Data supplied -
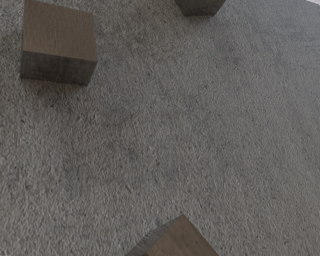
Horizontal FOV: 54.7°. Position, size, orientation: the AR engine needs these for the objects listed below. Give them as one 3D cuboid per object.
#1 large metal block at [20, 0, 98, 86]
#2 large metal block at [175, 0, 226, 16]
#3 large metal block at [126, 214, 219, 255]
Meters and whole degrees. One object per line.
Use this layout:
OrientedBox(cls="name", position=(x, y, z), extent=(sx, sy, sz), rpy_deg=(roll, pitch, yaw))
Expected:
OrientedBox(cls="large metal block", position=(-0.126, -0.104, 0.383), extent=(0.081, 0.050, 0.080), rpy_deg=(4, 60, -27))
OrientedBox(cls="large metal block", position=(0.070, -0.260, 0.584), extent=(0.081, 0.050, 0.080), rpy_deg=(-16, 70, -34))
OrientedBox(cls="large metal block", position=(0.015, 0.138, 0.292), extent=(0.080, 0.080, 0.050), rpy_deg=(49, 51, 6))
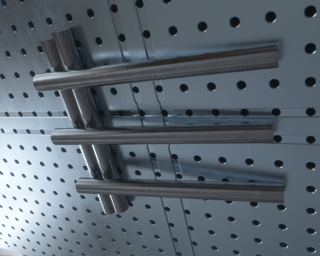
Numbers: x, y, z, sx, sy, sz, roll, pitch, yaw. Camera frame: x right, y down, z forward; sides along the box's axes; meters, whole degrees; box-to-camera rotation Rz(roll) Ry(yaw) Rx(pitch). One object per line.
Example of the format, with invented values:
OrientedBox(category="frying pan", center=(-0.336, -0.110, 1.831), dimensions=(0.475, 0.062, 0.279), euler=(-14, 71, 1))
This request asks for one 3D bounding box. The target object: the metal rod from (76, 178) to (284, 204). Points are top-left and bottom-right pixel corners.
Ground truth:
OrientedBox(category="metal rod", center=(0.013, 0.086, 0.437), dimensions=(0.301, 0.025, 0.025), euler=(-2, 118, 22))

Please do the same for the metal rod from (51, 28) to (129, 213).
OrientedBox(category="metal rod", center=(-0.096, 0.005, 0.462), dimensions=(0.025, 0.025, 0.298), euler=(1, 119, 27))

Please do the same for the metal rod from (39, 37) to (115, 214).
OrientedBox(category="metal rod", center=(-0.117, 0.012, 0.477), dimensions=(0.025, 0.025, 0.298), euler=(1, 119, 27))

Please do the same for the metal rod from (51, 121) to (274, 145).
OrientedBox(category="metal rod", center=(-0.013, 0.009, 0.402), dimensions=(0.301, 0.025, 0.025), euler=(-2, 118, 21))

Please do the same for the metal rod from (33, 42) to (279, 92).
OrientedBox(category="metal rod", center=(-0.022, -0.066, 0.362), dimensions=(0.301, 0.025, 0.025), euler=(-2, 118, 22))
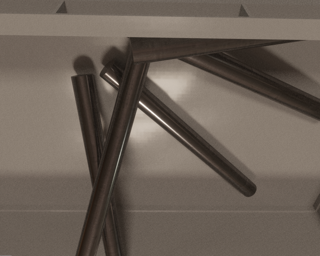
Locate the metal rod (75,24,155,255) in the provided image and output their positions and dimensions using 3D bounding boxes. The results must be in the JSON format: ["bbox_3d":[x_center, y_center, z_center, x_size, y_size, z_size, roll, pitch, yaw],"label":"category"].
[{"bbox_3d":[-0.054,0.030,0.358,0.025,0.025,0.298,14,105,-12],"label":"metal rod"}]

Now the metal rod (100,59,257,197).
[{"bbox_3d":[0.042,0.016,0.422,0.025,0.025,0.301,-35,122,26],"label":"metal rod"}]

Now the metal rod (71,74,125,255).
[{"bbox_3d":[-0.073,0.081,0.399,0.025,0.025,0.298,-6,106,4],"label":"metal rod"}]

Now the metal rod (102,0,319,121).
[{"bbox_3d":[0.084,-0.061,0.339,0.302,0.025,0.025,18,128,-23],"label":"metal rod"}]

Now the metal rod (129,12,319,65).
[{"bbox_3d":[0.122,-0.094,0.295,0.302,0.025,0.025,-10,131,-7],"label":"metal rod"}]
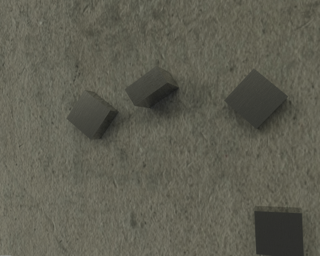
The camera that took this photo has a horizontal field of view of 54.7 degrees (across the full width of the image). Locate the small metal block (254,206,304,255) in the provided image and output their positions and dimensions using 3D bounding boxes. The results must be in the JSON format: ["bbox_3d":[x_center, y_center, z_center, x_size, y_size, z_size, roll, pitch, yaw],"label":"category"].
[{"bbox_3d":[0.138,0.120,0.360,0.050,0.025,0.050,-2,89,19],"label":"small metal block"}]

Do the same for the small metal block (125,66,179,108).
[{"bbox_3d":[-0.009,-0.051,0.398,0.050,0.050,0.025,-34,79,16],"label":"small metal block"}]

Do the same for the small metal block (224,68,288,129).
[{"bbox_3d":[0.114,-0.034,0.369,0.050,0.025,0.050,45,103,14],"label":"small metal block"}]

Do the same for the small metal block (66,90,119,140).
[{"bbox_3d":[-0.096,-0.018,0.442,0.050,0.025,0.050,38,102,15],"label":"small metal block"}]
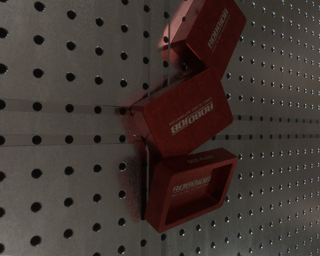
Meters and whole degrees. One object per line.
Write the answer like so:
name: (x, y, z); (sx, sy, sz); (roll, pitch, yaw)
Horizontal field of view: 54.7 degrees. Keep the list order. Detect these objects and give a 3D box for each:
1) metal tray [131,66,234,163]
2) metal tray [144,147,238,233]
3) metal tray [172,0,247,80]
metal tray: (0.035, -0.018, 0.424); (0.131, 0.030, 0.090); (-33, 111, -25)
metal tray: (0.045, 0.081, 0.423); (0.131, 0.030, 0.089); (-8, 120, -40)
metal tray: (0.079, -0.148, 0.475); (0.090, 0.030, 0.130); (40, 66, -33)
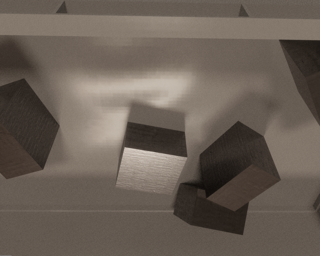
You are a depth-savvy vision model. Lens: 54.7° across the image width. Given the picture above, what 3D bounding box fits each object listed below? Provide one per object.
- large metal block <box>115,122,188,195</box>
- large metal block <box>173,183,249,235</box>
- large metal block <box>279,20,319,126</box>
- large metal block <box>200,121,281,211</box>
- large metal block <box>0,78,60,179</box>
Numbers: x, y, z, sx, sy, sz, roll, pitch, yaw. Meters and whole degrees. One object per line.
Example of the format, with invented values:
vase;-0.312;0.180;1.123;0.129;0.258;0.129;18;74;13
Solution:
large metal block;-0.014;0.044;0.430;0.081;0.050;0.079;10;129;-9
large metal block;0.075;0.121;0.470;0.081;0.050;0.080;15;171;-13
large metal block;0.175;-0.056;0.328;0.050;0.080;0.080;-25;126;19
large metal block;0.103;0.051;0.419;0.050;0.080;0.080;29;124;-23
large metal block;-0.173;0.001;0.371;0.050;0.080;0.080;-15;129;12
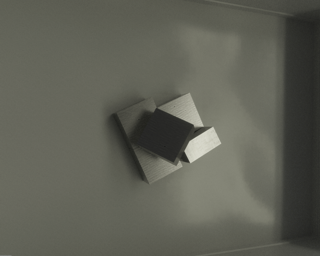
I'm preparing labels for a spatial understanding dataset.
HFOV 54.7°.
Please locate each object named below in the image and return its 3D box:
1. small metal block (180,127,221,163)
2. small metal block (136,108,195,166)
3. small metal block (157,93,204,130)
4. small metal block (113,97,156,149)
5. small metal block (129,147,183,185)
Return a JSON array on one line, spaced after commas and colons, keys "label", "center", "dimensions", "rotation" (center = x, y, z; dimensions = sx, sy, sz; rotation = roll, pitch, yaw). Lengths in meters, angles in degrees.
[{"label": "small metal block", "center": [0.044, 0.021, 0.413], "dimensions": [0.050, 0.050, 0.025], "rotation": [-30, 100, -19]}, {"label": "small metal block", "center": [0.008, 0.011, 0.373], "dimensions": [0.050, 0.025, 0.050], "rotation": [25, 79, 16]}, {"label": "small metal block", "center": [0.024, -0.014, 0.419], "dimensions": [0.050, 0.025, 0.050], "rotation": [-26, 99, -18]}, {"label": "small metal block", "center": [-0.026, -0.006, 0.400], "dimensions": [0.050, 0.025, 0.050], "rotation": [-26, 99, -18]}, {"label": "small metal block", "center": [-0.006, 0.039, 0.408], "dimensions": [0.050, 0.025, 0.050], "rotation": [-26, 99, -18]}]
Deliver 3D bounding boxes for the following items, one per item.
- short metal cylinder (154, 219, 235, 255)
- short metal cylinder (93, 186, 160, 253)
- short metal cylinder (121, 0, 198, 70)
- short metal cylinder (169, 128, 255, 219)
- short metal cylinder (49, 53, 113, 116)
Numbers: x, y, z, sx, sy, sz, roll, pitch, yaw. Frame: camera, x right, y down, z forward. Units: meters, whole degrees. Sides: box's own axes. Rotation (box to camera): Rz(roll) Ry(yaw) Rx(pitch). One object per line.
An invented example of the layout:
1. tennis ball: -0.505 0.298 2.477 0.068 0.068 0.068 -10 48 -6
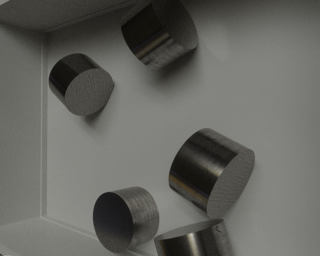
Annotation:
1. short metal cylinder: 0.038 0.136 0.339 0.080 0.081 0.050 -25 74 37
2. short metal cylinder: -0.048 0.125 0.430 0.080 0.050 0.080 0 90 40
3. short metal cylinder: 0.001 -0.117 0.371 0.050 0.081 0.080 -27 73 37
4. short metal cylinder: 0.055 0.047 0.326 0.050 0.081 0.079 31 109 36
5. short metal cylinder: -0.119 -0.065 0.469 0.050 0.081 0.080 41 115 32
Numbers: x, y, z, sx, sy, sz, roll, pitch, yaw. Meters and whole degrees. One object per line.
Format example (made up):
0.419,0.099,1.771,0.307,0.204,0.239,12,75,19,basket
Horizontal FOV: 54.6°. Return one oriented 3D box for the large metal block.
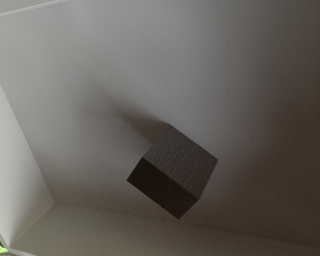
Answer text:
0.018,0.054,0.397,0.080,0.080,0.050,36,129,4,large metal block
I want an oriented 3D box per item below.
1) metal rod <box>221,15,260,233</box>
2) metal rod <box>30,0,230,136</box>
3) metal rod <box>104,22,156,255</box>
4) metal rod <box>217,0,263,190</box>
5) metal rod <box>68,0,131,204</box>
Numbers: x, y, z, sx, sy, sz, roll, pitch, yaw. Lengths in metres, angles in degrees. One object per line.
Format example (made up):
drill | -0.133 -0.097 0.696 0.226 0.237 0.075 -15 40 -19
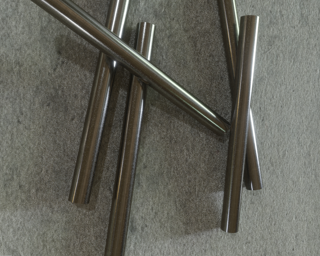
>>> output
metal rod | 0.111 -0.001 0.433 0.025 0.025 0.298 2 96 -20
metal rod | -0.020 -0.071 0.373 0.301 0.025 0.025 33 79 -29
metal rod | -0.038 0.015 0.395 0.025 0.025 0.298 9 87 -20
metal rod | 0.117 -0.057 0.453 0.025 0.025 0.298 -11 94 -20
metal rod | -0.070 -0.058 0.383 0.025 0.025 0.298 12 86 -20
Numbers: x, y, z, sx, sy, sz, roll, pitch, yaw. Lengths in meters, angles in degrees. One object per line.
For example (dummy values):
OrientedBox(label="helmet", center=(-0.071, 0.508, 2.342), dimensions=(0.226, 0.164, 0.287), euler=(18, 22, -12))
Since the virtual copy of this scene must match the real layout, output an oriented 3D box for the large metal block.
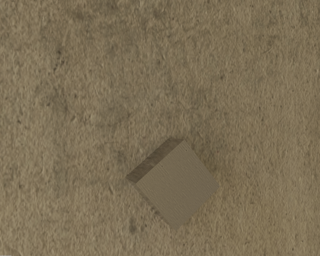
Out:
OrientedBox(label="large metal block", center=(0.016, 0.070, 0.403), dimensions=(0.080, 0.050, 0.080), euler=(-41, 104, -16))
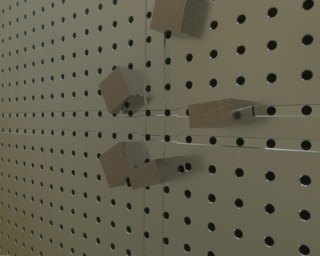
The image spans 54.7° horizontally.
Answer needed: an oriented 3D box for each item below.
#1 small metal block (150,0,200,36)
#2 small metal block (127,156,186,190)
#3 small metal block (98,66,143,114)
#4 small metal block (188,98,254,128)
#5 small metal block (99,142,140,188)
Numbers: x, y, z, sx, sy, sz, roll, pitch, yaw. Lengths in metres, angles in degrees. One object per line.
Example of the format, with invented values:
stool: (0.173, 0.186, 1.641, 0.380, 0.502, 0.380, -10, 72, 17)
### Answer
small metal block: (0.019, -0.147, 0.392, 0.050, 0.025, 0.050, 20, 102, 38)
small metal block: (-0.004, 0.057, 0.395, 0.050, 0.050, 0.025, -27, 74, 36)
small metal block: (-0.059, -0.055, 0.455, 0.050, 0.025, 0.050, -36, 68, 34)
small metal block: (0.067, -0.015, 0.337, 0.050, 0.050, 0.025, -7, 86, 39)
small metal block: (-0.058, 0.054, 0.455, 0.050, 0.025, 0.050, -36, 68, 34)
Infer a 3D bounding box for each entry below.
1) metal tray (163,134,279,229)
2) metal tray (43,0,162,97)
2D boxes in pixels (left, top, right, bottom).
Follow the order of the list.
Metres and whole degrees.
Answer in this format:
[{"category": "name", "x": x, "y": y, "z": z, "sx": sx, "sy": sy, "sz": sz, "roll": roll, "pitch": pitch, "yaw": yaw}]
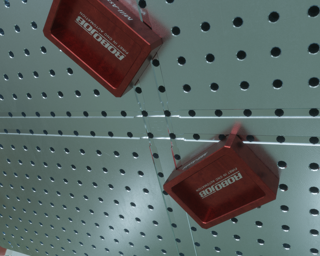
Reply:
[{"category": "metal tray", "x": 0.077, "y": 0.076, "z": 0.414, "sx": 0.090, "sy": 0.030, "sz": 0.129, "roll": 46, "pitch": 129, "yaw": -4}, {"category": "metal tray", "x": -0.073, "y": -0.111, "z": 0.378, "sx": 0.130, "sy": 0.030, "sz": 0.090, "roll": 41, "pitch": 129, "yaw": 0}]
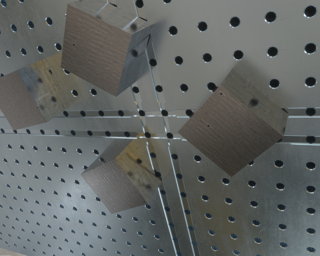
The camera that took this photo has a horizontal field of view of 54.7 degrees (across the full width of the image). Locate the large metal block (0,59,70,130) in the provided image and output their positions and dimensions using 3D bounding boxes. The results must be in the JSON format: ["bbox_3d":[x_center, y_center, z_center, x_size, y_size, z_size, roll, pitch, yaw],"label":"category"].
[{"bbox_3d":[-0.199,-0.048,0.467,0.080,0.050,0.080,-10,113,32],"label":"large metal block"}]

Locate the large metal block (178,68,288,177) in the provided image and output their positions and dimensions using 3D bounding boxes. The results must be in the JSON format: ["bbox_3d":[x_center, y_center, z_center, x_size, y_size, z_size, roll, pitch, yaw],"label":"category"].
[{"bbox_3d":[0.081,-0.005,0.349,0.080,0.050,0.080,40,129,0],"label":"large metal block"}]

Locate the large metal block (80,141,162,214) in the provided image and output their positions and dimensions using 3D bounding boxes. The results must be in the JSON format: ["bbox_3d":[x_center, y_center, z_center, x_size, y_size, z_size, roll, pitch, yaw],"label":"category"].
[{"bbox_3d":[-0.058,0.077,0.471,0.080,0.050,0.080,-26,105,36],"label":"large metal block"}]

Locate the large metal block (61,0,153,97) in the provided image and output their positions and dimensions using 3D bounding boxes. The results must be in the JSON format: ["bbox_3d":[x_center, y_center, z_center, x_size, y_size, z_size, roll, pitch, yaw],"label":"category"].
[{"bbox_3d":[-0.065,-0.097,0.368,0.080,0.050,0.079,28,128,9],"label":"large metal block"}]
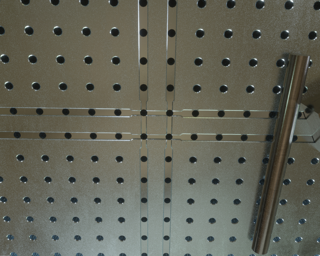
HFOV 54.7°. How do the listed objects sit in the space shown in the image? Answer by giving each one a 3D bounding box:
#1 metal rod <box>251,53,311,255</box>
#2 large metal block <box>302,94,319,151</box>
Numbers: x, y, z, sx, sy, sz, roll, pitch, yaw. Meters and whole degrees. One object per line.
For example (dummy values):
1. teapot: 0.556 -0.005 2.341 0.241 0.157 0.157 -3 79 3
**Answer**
1. metal rod: 0.164 0.049 0.432 0.025 0.025 0.298 3 110 -1
2. large metal block: 0.242 -0.009 0.399 0.080 0.050 0.080 -26 108 9
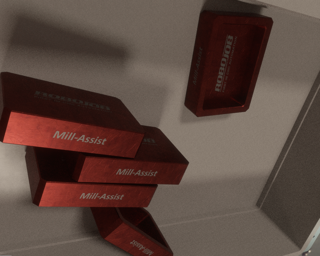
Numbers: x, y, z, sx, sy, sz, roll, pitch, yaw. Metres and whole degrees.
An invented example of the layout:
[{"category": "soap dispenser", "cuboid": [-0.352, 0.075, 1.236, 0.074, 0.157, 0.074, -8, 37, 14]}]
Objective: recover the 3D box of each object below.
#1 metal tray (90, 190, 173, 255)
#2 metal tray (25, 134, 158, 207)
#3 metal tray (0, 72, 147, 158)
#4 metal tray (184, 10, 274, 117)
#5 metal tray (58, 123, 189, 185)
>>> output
[{"category": "metal tray", "cuboid": [-0.042, 0.131, 0.426, 0.030, 0.090, 0.130, -41, 130, 0]}, {"category": "metal tray", "cuboid": [-0.078, 0.049, 0.355, 0.131, 0.090, 0.030, 10, 113, -33]}, {"category": "metal tray", "cuboid": [-0.089, -0.012, 0.310, 0.131, 0.090, 0.030, 11, 113, -33]}, {"category": "metal tray", "cuboid": [0.087, -0.081, 0.404, 0.091, 0.030, 0.129, -7, 122, -25]}, {"category": "metal tray", "cuboid": [-0.043, 0.026, 0.360, 0.131, 0.090, 0.030, 8, 114, -32]}]
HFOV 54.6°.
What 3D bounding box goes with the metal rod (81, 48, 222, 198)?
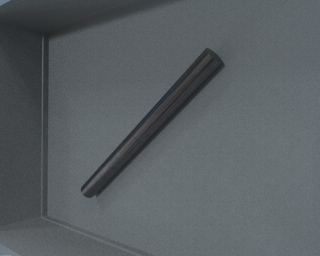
[{"bbox_3d":[-0.028,0.010,0.430,0.299,0.025,0.025,-46,63,30],"label":"metal rod"}]
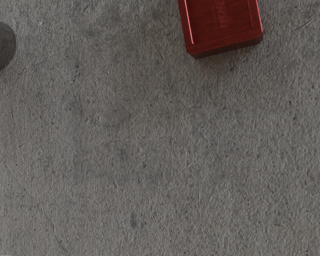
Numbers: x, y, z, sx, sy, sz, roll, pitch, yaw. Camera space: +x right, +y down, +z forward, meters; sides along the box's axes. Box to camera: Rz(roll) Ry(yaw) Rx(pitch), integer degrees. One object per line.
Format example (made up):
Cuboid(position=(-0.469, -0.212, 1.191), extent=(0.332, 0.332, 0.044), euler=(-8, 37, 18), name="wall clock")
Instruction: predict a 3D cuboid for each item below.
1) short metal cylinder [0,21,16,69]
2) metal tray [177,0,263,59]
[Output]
Cuboid(position=(-0.280, -0.137, 0.492), extent=(0.080, 0.050, 0.079), euler=(0, 90, 19), name="short metal cylinder")
Cuboid(position=(0.069, -0.160, 0.381), extent=(0.090, 0.030, 0.129), euler=(-10, 87, 19), name="metal tray")
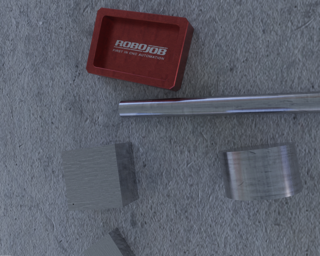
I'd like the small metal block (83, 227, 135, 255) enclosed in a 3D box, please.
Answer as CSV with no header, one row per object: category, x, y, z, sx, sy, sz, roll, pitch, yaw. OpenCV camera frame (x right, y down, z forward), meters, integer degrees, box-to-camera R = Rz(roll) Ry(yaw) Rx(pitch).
small metal block,-0.070,0.177,0.432,0.050,0.025,0.050,-40,78,15

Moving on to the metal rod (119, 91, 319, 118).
metal rod,0.091,-0.028,0.376,0.301,0.025,0.025,-1,90,19

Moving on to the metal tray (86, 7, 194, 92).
metal tray,-0.029,-0.106,0.415,0.130,0.030,0.089,14,95,19

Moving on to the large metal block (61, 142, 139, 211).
large metal block,-0.081,0.065,0.423,0.080,0.050,0.080,-9,87,19

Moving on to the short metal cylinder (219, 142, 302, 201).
short metal cylinder,0.109,0.046,0.341,0.080,0.080,0.050,-9,87,19
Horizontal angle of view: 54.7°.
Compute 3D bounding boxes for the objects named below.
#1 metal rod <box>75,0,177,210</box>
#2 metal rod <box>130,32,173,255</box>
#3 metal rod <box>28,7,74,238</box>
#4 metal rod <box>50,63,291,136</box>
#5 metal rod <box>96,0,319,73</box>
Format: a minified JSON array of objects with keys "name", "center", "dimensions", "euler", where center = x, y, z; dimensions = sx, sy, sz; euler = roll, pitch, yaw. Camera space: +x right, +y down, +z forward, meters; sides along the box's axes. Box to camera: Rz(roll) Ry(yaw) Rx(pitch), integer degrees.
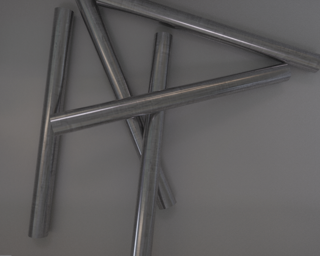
[{"name":"metal rod","center":[-0.045,-0.036,0.410],"dimensions":[0.025,0.025,0.299],"euler":[-22,90,0]},{"name":"metal rod","center":[-0.010,0.024,0.387],"dimensions":[0.025,0.025,0.299],"euler":[6,80,0]},{"name":"metal rod","center":[-0.144,-0.007,0.410],"dimensions":[0.025,0.025,0.298],"euler":[7,90,0]},{"name":"metal rod","center":[0.024,-0.039,0.377],"dimensions":[0.302,0.025,0.025],"euler":[-14,90,-14]},{"name":"metal rod","center":[0.066,-0.129,0.407],"dimensions":[0.302,0.025,0.025],"euler":[17,90,-2]}]
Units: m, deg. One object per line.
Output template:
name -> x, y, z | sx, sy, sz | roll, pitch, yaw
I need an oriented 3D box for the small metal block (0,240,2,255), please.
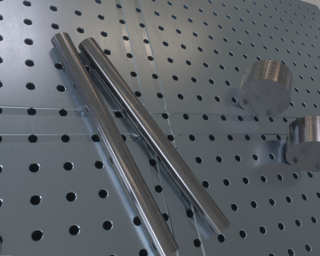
small metal block -> -0.157, 0.098, 0.248 | 0.050, 0.050, 0.025 | -12, 68, -33

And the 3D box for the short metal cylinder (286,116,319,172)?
short metal cylinder -> 0.242, 0.026, 0.487 | 0.080, 0.080, 0.050 | 28, 52, -11

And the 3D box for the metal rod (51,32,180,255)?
metal rod -> -0.061, 0.008, 0.370 | 0.025, 0.025, 0.299 | -18, 72, -35

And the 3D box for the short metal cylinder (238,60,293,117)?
short metal cylinder -> 0.172, -0.063, 0.505 | 0.080, 0.080, 0.050 | 32, 52, -8

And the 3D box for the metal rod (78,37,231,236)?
metal rod -> -0.013, 0.004, 0.399 | 0.025, 0.025, 0.299 | -29, 78, -37
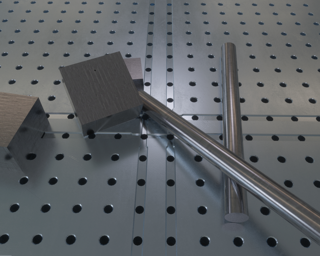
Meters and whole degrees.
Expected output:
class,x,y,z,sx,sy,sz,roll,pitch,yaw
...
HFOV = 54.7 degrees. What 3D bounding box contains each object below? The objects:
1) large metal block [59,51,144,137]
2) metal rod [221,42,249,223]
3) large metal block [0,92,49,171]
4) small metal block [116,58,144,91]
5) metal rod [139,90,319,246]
class,x,y,z,sx,sy,sz,roll,pitch,yaw
large metal block,-0.077,-0.045,0.410,0.081,0.050,0.080,-21,77,-17
metal rod,0.098,-0.019,0.423,0.025,0.025,0.300,5,50,4
large metal block,-0.200,0.001,0.389,0.080,0.050,0.080,8,51,7
small metal block,-0.052,-0.081,0.475,0.050,0.025,0.050,-5,50,-4
metal rod,0.066,0.031,0.353,0.025,0.025,0.300,-33,49,-24
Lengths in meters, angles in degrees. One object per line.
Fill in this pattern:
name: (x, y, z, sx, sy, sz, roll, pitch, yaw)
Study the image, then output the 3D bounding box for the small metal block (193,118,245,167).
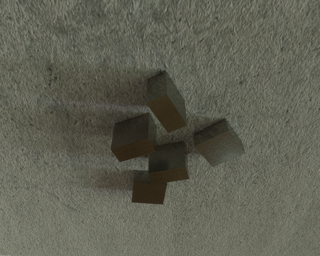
small metal block: (0.081, 0.021, 0.426, 0.050, 0.025, 0.050, -28, 125, 21)

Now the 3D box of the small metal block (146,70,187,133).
small metal block: (0.008, -0.031, 0.364, 0.025, 0.050, 0.050, -23, 127, 18)

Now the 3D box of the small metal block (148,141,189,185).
small metal block: (0.012, 0.048, 0.432, 0.050, 0.050, 0.025, -11, 129, 9)

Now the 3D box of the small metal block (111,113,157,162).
small metal block: (-0.033, 0.012, 0.400, 0.050, 0.050, 0.025, -17, 128, 14)

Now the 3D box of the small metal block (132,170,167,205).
small metal block: (-0.017, 0.093, 0.487, 0.050, 0.025, 0.050, 5, 130, -5)
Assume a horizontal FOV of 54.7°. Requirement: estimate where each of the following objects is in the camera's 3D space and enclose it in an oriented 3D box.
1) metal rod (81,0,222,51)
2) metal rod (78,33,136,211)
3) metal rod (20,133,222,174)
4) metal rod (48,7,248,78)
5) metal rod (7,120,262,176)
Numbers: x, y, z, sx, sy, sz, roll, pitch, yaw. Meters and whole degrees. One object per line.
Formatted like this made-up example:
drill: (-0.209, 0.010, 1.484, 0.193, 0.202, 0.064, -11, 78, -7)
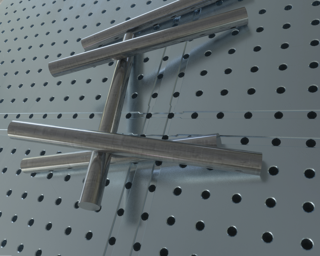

Task details - Nothing but the lines from the first line of the listing above to the line containing "#3 large metal block at [126, 214, 219, 255]" should appear in the answer, each one exact and with no pictures.

Reply -
Horizontal FOV: 54.7°. Position, size, orientation: the AR engine needs these for the objects listed below. Give them as one 3D cuboid per object.
#1 large metal block at [20, 0, 98, 86]
#2 large metal block at [175, 0, 226, 16]
#3 large metal block at [126, 214, 219, 255]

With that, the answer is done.